- **About this exercise**:
Find the word "origin" below. Copy each line that has it.

- **Input data**:
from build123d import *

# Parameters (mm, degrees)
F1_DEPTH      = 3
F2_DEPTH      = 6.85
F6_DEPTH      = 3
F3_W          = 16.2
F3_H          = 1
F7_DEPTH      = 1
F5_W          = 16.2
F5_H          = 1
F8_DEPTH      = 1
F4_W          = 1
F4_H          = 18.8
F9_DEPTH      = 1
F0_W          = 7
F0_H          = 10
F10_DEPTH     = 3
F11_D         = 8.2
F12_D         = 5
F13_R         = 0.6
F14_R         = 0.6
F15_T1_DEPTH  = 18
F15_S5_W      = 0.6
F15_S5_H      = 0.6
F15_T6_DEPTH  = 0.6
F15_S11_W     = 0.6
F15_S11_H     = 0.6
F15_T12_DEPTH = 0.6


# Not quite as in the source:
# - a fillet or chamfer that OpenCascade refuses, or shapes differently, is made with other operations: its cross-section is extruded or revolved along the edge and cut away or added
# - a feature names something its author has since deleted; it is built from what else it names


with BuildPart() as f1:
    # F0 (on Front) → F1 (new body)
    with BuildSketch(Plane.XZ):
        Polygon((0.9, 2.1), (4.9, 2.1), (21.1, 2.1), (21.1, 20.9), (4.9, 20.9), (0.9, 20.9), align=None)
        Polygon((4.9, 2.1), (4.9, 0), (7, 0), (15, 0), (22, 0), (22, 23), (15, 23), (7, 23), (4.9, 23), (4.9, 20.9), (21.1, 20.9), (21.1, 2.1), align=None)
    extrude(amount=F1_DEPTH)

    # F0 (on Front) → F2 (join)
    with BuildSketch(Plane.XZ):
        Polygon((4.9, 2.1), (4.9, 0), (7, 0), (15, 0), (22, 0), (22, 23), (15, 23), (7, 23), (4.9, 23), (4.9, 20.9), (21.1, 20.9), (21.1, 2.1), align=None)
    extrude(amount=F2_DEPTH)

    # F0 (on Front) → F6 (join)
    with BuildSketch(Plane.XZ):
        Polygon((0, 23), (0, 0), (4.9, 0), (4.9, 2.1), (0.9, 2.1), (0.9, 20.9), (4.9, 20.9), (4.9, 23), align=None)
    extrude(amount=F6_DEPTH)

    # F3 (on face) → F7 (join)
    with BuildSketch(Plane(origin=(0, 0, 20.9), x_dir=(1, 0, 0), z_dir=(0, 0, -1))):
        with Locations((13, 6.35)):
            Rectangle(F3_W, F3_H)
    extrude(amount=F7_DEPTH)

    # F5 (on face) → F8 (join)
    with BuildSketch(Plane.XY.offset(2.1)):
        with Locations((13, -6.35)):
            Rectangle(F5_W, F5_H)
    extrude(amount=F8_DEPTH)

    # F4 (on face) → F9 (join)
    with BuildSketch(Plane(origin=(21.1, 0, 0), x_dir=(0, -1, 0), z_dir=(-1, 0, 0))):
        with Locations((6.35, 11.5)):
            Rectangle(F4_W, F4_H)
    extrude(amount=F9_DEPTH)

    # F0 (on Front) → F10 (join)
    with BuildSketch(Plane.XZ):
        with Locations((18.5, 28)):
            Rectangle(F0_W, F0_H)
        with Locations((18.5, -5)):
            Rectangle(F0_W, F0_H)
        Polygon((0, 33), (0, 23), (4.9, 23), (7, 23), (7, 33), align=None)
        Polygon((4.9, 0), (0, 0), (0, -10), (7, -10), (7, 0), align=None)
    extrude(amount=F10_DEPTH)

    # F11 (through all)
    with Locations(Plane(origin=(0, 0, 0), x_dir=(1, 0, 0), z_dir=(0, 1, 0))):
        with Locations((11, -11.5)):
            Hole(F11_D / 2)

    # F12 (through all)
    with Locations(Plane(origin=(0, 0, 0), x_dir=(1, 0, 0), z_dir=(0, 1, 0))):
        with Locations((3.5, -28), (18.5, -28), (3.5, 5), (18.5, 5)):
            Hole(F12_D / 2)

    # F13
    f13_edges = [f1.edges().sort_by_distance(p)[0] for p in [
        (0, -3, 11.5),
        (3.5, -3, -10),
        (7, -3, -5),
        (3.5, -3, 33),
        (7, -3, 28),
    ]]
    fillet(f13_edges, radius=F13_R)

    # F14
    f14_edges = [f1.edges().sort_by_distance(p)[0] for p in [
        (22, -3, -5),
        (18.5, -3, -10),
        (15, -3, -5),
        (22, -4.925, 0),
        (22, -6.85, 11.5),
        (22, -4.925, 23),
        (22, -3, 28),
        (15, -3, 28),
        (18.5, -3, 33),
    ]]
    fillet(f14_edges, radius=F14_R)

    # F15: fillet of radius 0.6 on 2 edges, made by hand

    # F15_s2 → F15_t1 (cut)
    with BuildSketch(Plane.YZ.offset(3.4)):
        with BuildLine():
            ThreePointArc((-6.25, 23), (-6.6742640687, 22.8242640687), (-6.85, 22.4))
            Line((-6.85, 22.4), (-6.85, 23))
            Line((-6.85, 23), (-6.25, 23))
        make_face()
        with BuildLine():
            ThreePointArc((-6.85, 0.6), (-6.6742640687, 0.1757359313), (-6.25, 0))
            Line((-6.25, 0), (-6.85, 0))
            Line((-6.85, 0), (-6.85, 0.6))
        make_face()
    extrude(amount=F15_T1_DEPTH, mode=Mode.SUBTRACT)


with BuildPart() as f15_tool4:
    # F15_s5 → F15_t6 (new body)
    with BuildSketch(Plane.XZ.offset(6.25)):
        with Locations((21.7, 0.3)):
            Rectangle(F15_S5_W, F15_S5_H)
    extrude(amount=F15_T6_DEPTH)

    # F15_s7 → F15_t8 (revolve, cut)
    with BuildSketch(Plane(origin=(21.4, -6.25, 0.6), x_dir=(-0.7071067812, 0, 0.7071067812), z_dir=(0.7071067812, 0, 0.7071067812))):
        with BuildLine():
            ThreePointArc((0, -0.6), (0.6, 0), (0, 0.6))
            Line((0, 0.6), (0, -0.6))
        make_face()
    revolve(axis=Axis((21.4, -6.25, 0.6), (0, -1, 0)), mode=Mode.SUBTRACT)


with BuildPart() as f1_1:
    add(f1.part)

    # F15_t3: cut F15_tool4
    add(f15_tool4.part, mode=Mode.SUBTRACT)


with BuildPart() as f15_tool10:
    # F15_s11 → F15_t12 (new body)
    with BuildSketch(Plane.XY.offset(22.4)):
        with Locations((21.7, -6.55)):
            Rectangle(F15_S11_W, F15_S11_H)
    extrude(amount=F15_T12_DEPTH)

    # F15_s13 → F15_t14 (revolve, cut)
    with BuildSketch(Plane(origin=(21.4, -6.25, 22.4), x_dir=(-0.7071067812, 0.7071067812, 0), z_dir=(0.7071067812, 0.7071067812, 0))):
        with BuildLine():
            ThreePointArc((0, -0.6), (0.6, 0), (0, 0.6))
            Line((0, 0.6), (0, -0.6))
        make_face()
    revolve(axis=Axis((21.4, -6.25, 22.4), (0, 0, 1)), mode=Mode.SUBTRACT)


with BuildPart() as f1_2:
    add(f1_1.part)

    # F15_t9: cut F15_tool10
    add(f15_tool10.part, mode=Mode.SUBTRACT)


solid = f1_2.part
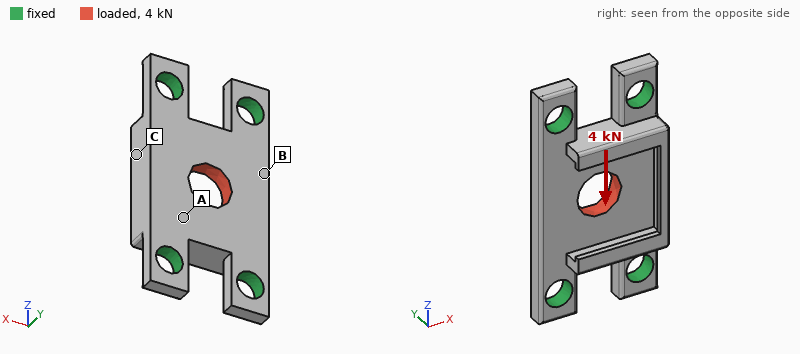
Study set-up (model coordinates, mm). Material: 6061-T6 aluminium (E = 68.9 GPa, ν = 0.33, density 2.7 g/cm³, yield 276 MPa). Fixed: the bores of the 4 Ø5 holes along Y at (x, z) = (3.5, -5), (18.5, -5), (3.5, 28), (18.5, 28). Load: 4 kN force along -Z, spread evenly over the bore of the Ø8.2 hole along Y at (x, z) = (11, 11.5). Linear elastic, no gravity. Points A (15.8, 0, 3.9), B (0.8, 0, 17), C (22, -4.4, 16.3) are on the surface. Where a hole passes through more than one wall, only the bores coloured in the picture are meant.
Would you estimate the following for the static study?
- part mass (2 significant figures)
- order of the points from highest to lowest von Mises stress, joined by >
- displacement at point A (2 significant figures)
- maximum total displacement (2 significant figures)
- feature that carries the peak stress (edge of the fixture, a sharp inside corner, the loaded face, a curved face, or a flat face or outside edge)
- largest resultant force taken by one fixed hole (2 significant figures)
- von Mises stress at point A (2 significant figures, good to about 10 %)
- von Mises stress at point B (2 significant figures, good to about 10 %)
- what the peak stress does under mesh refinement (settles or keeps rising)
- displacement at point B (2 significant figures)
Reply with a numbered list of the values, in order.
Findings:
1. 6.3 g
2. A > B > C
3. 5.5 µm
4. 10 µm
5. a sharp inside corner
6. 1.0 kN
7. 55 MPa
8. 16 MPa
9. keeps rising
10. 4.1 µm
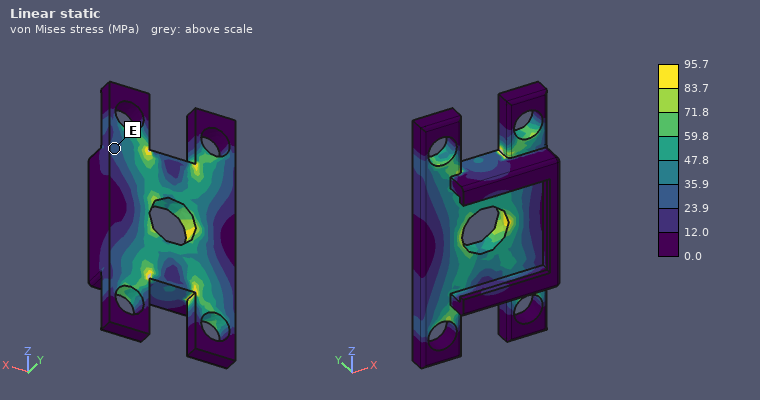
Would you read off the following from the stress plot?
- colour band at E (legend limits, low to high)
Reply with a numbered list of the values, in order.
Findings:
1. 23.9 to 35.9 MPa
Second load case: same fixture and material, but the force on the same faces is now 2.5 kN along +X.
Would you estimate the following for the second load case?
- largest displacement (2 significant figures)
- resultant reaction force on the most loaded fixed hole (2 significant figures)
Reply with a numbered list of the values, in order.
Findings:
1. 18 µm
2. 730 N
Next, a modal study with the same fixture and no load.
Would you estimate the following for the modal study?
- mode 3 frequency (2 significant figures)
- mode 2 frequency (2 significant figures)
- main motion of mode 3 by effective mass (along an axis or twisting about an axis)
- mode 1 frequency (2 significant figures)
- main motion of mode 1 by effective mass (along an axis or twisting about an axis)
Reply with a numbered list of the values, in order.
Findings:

- **Solution to this problem**:
    with BuildSketch(Plane(origin=(0, 0, 20.9), x_dir=(1, 0, 0), z_dir=(0, 0, -1))):
    with BuildSketch(Plane(origin=(21.1, 0, 0), x_dir=(0, -1, 0), z_dir=(-1, 0, 0))):
    with Locations(Plane(origin=(0, 0, 0), x_dir=(1, 0, 0), z_dir=(0, 1, 0))):
    with Locations(Plane(origin=(0, 0, 0), x_dir=(1, 0, 0), z_dir=(0, 1, 0))):
    with BuildSketch(Plane(origin=(21.4, -6.25, 0.6), x_dir=(-0.7071067812, 0, 0.7071067812), z_dir=(0.7071067812, 0, 0.7071067812))):
    with BuildSketch(Plane(origin=(21.4, -6.25, 22.4), x_dir=(-0.7071067812, 0.7071067812, 0), z_dir=(0.7071067812, 0.7071067812, 0))):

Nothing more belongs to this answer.